Web scraping can vary between wildly hard (purposefully or otherwise) and being the notch below an open API to extract data. However, there are often some hints you can use to check whether or not a particular site will be one of the easy or hard ones.
Obligatory disclaimer about web scraping: some sites, and owners of those sites, do not appreciate being scraped. This might be because scraping effectively is stealing their main commercial product; others might be because of too many inconsiderate scrapers flinging minor DDOS attacks every time they test their scraping tools. Be a mindful scraper, check the site’s robots.txt file, and be mindful of the owners and purpose of the site itself.
1. Not all APIs are public
Just because a data provider doesn’t have a public API (though if they have, you should use it), that doesn’t mean they aren’t using a database organised in a similar way to provision data to users on their site. Sites with more modern protocols tend to fall into this category, which tend to have the following features;
- The URL paths are well structured
- Data objects referred to by codes in the code, not their names (this may be another field).
- Browsing through the pages, the layouts tend to approach identical.
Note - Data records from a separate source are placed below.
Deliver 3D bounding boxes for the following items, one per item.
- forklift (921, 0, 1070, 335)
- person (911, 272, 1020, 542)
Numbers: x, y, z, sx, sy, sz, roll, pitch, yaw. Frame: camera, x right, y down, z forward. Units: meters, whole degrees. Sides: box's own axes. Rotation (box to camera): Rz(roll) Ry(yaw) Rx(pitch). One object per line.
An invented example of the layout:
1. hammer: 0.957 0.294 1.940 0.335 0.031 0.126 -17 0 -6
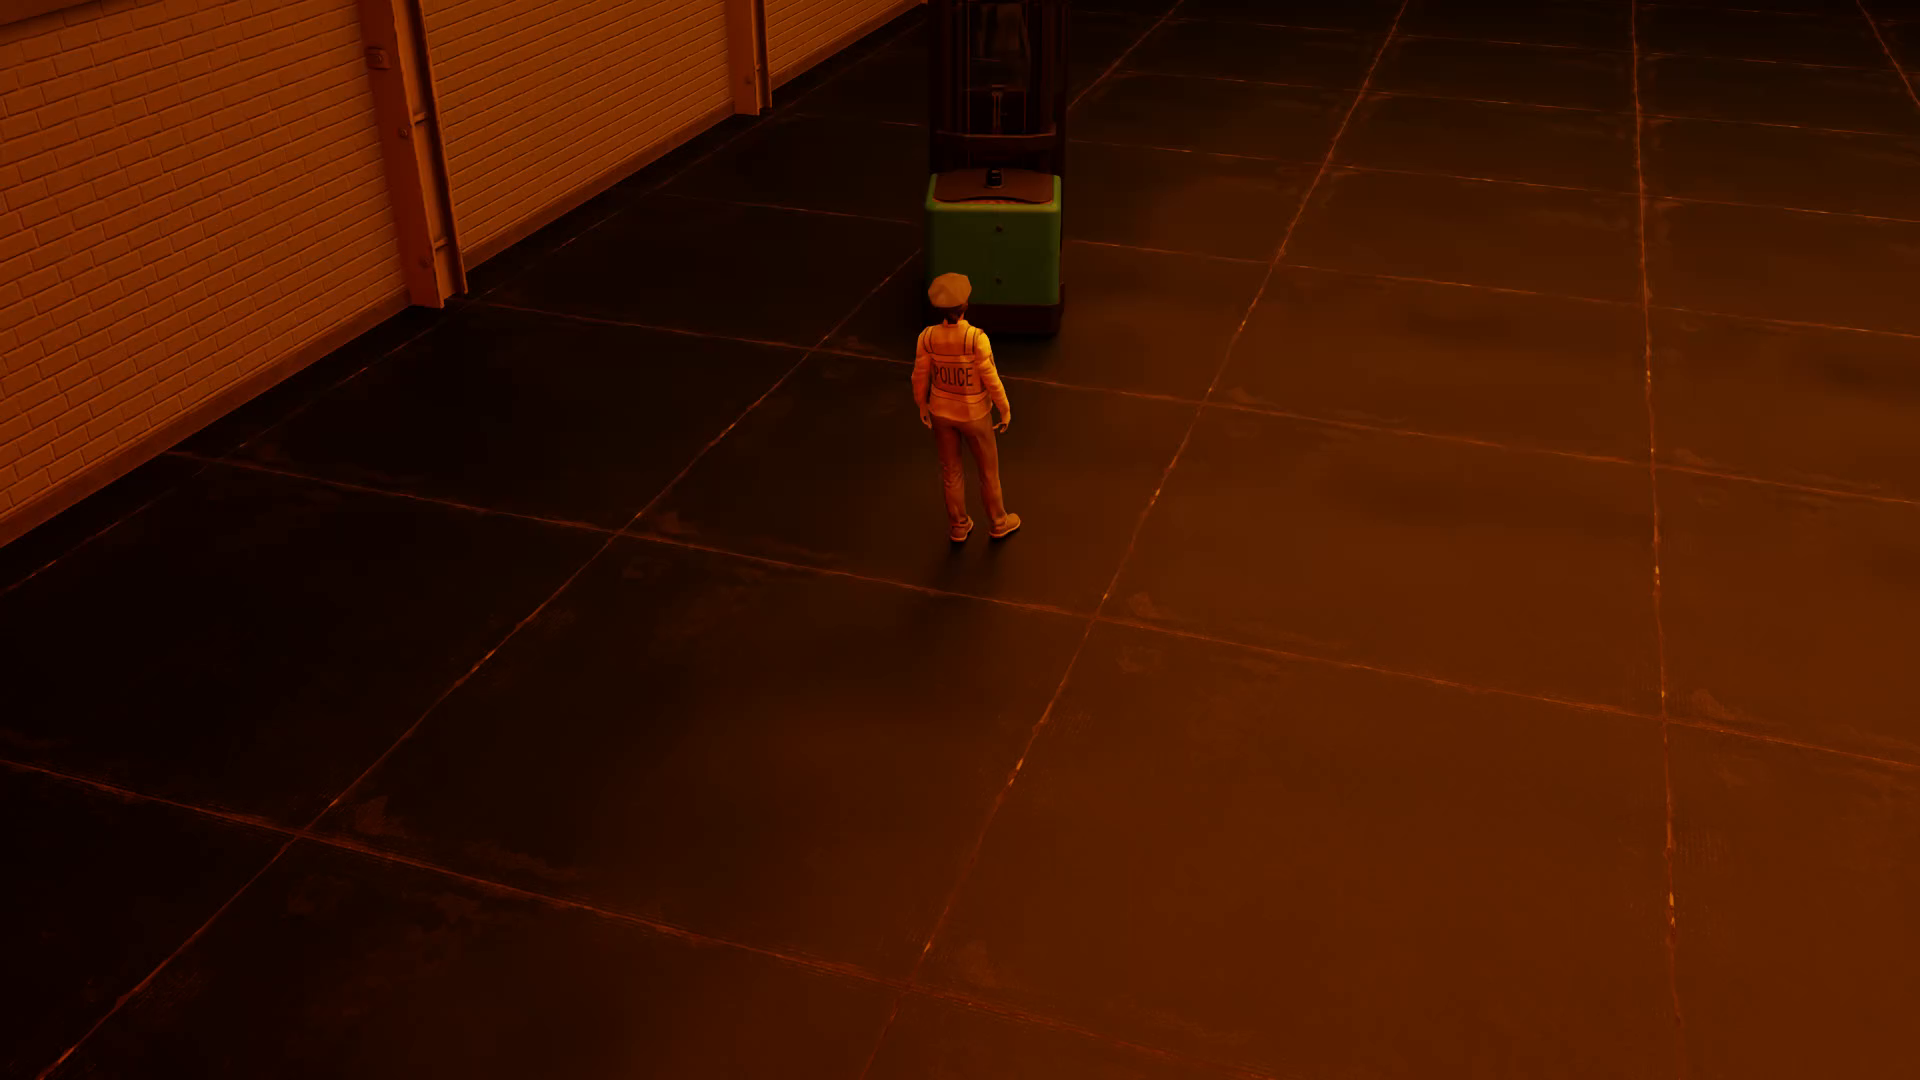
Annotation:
1. forklift: 0.311 -3.539 13.346 1.130 2.935 3.031 1 30 3
2. person: 0.028 -0.773 9.727 0.588 1.695 0.531 10 31 16
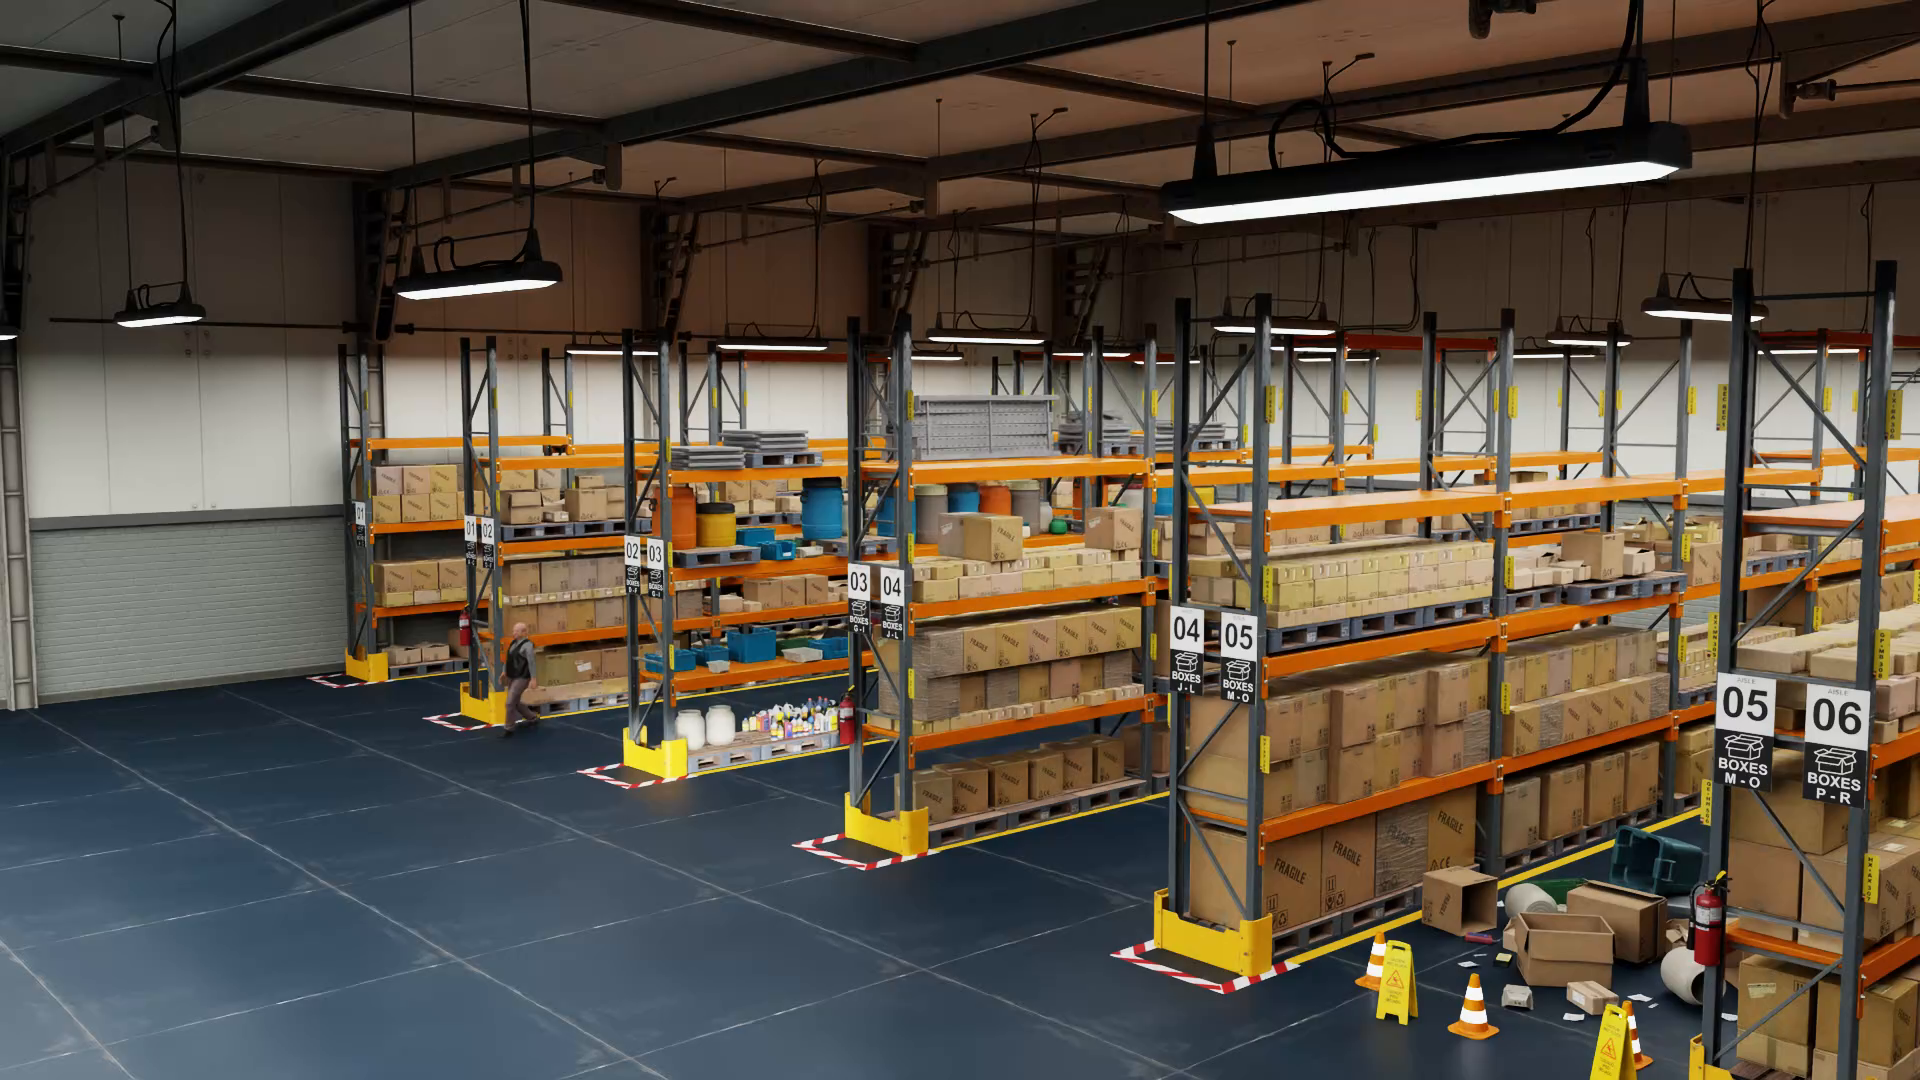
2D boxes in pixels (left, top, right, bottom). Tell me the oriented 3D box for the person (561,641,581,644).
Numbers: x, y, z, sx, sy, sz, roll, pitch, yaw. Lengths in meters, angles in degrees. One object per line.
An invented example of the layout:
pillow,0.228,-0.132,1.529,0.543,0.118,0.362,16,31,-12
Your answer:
person,-6.801,1.684,29.006,0.584,1.712,0.989,4,6,35

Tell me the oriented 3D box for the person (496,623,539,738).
person,-6.659,2.093,25.014,0.610,1.715,0.753,5,7,44

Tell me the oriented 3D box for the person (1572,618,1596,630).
person,9.869,1.920,26.390,1.065,1.721,0.641,-4,7,-39

FIFA is a good example of this. Looking at their site for the Women’s World Cup, teams, players and games tend to follow specific patterns of presentations in their web pages, because as you can see from the URLs, the data is following a similar kind of pattern to basic API calls. If we open the web console and check out the Sources used in the page, we can see that this is actually the case; FIFA is using an internal API to supply pictures (at a very minimum) to the page.
2. There aren’t loads of jazzy JS and other friends plugins
Add-ins which enhance user experience, whether ranging from chart presentation like D3, or setting specific formats of an experience object like AML, can create speed bumps for any desired scraping. This is because data objects are often obscured by other frames and objects, making them harder to parse in the first place, and introducing layers of potential variation between one page and another, foiling attempts to create templates. Consider this example from FiveThirtyEight, with football predictions for selected leads:
Inspecting the site, one might hope it would be easy to go in and out to each table and obtain predictions for all the leagues. However, because the link to view the whole table doesn’t work like a standard h ref html tag, you might be sorting through the page code for a long time looking for the links, or be employing more sophisticated tools which can simulate page interaction (such as testing tools) in order to load all the data you need.
3. The object layouts and content standards are actually identical
During training, when we were learning web scraping at The Data School, a colleague and I had to scrape some financial information from NASDAQ listed companies on Wikipedia. The information we needed was only that which exists in those little info panels we have come to know and love. These panels look essentially the same to humans, but under the hood, and to things which can’t read (like machines), they’re not.
When sites deliver information in the manner of #1, the content is being delivered to a framework replicated on each page. So scrape one page in a category, and you’ve probably got 90% of the category if you needed it, as the data input must conform to certain principles for however it’s stored. Flexible sites like Wikipedia however, are human edited and do not enforce rigid principles in the same way a database would. My colleague and I struggled to normalise the data in the time limit that we had (which was about 3 hours) because of the different things we had to accommodate, such as multiple dates, different icons, and different ways of writing numbers. Sites like this illustrate the difference between humans grasping comprehension (which can tolerate these variances) and machines “reading”, which cannot unless programmed to accommodate them specifically.
Hopefully this provides some help to people planning scraping projects in the future!